Hello Alejandro Flores,
Welcome to Microsoft Q&A!
I see you’re noticing some performance differences between OpenAI and Azure OpenAI, even though you're using the same model (GPT-4o-mini). There are several factors that could contribute to these differences:
- OpenAI's models are hosted directly by OpenAI, while Azure OpenAI integrates these models within Microsoft's Azure ecosystem. This integration can introduce variations in latency, resource allocation, and overall performance.
- The way each service implements the API can affect performance. Differences in request handling, rate limiting, and error management might lead to variations in how responses are generated.
- Azure allows users to select specific regions for their deployments, which can impact performance based on geographical proximity and network conditions.
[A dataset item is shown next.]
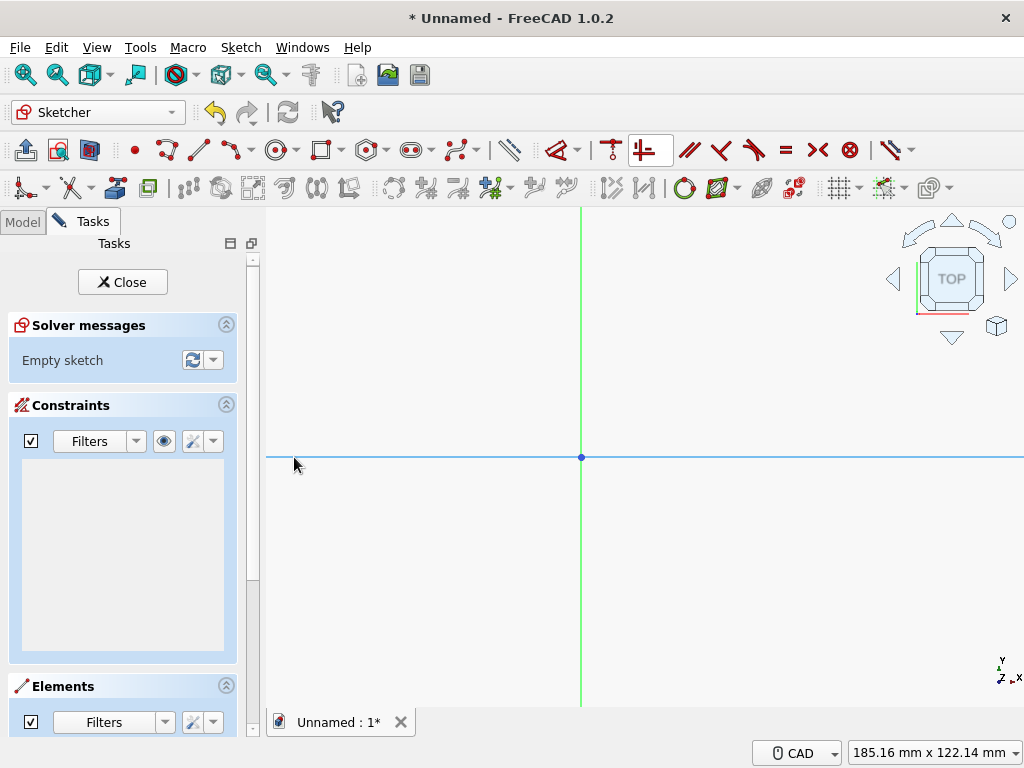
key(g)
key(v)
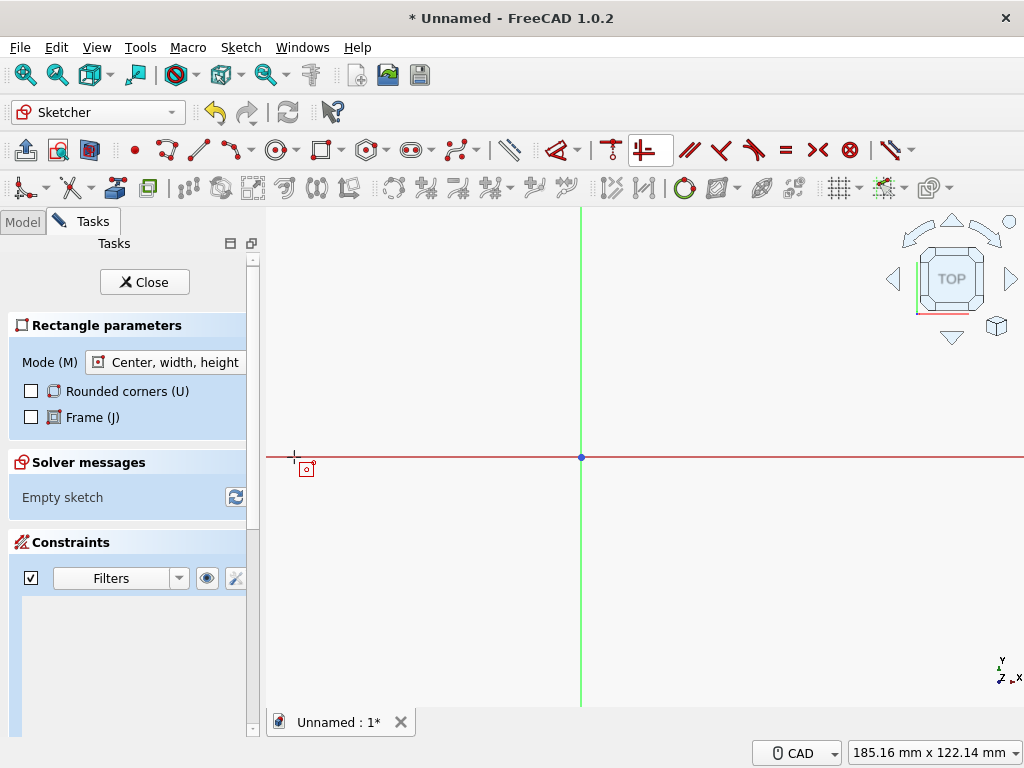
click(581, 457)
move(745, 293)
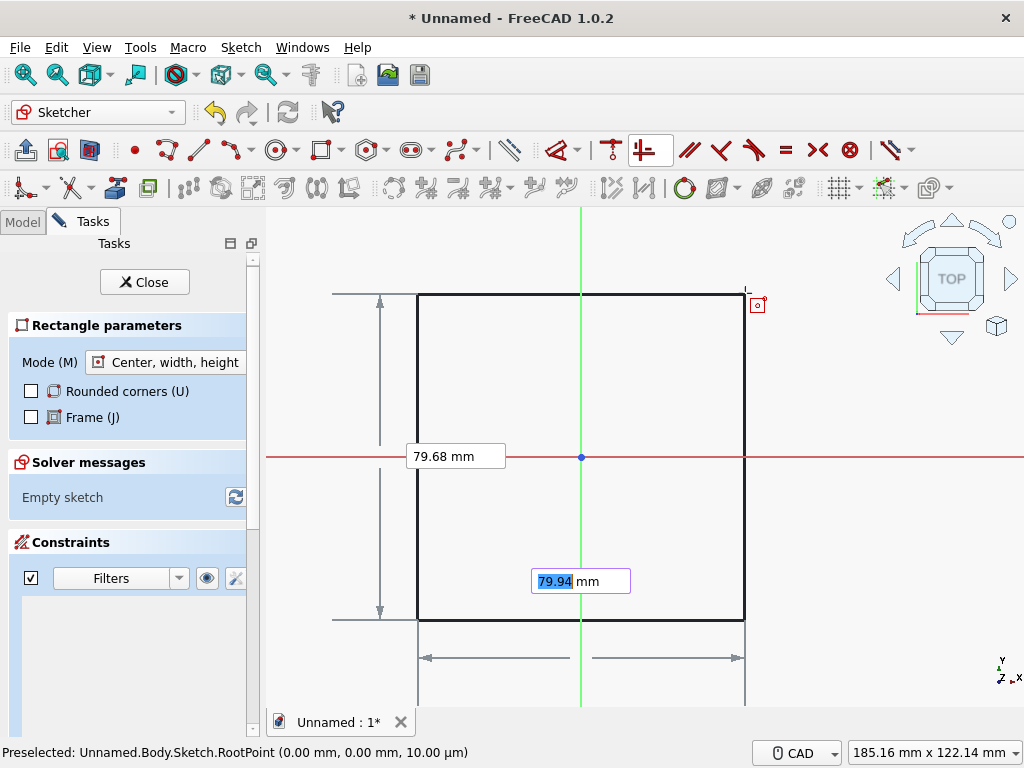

OpenAI's standard endpoint does not offer this flexibility, potentially leading to different latency experiences.
- Custom system prompts and configurations can influence how models interpret and respond to queries. If the system prompts or configurations differ between the two services, this could explain the discrepancies in responses.
- The quality and preprocessing of data fed into the models can vary. Azure's integration with other Azure services might introduce additional preprocessing steps that affect the model's output.
- During peak times, the load on servers can impact performance. OpenAI's API might experience different load patterns compared to Azure's, affecting response times and accuracy.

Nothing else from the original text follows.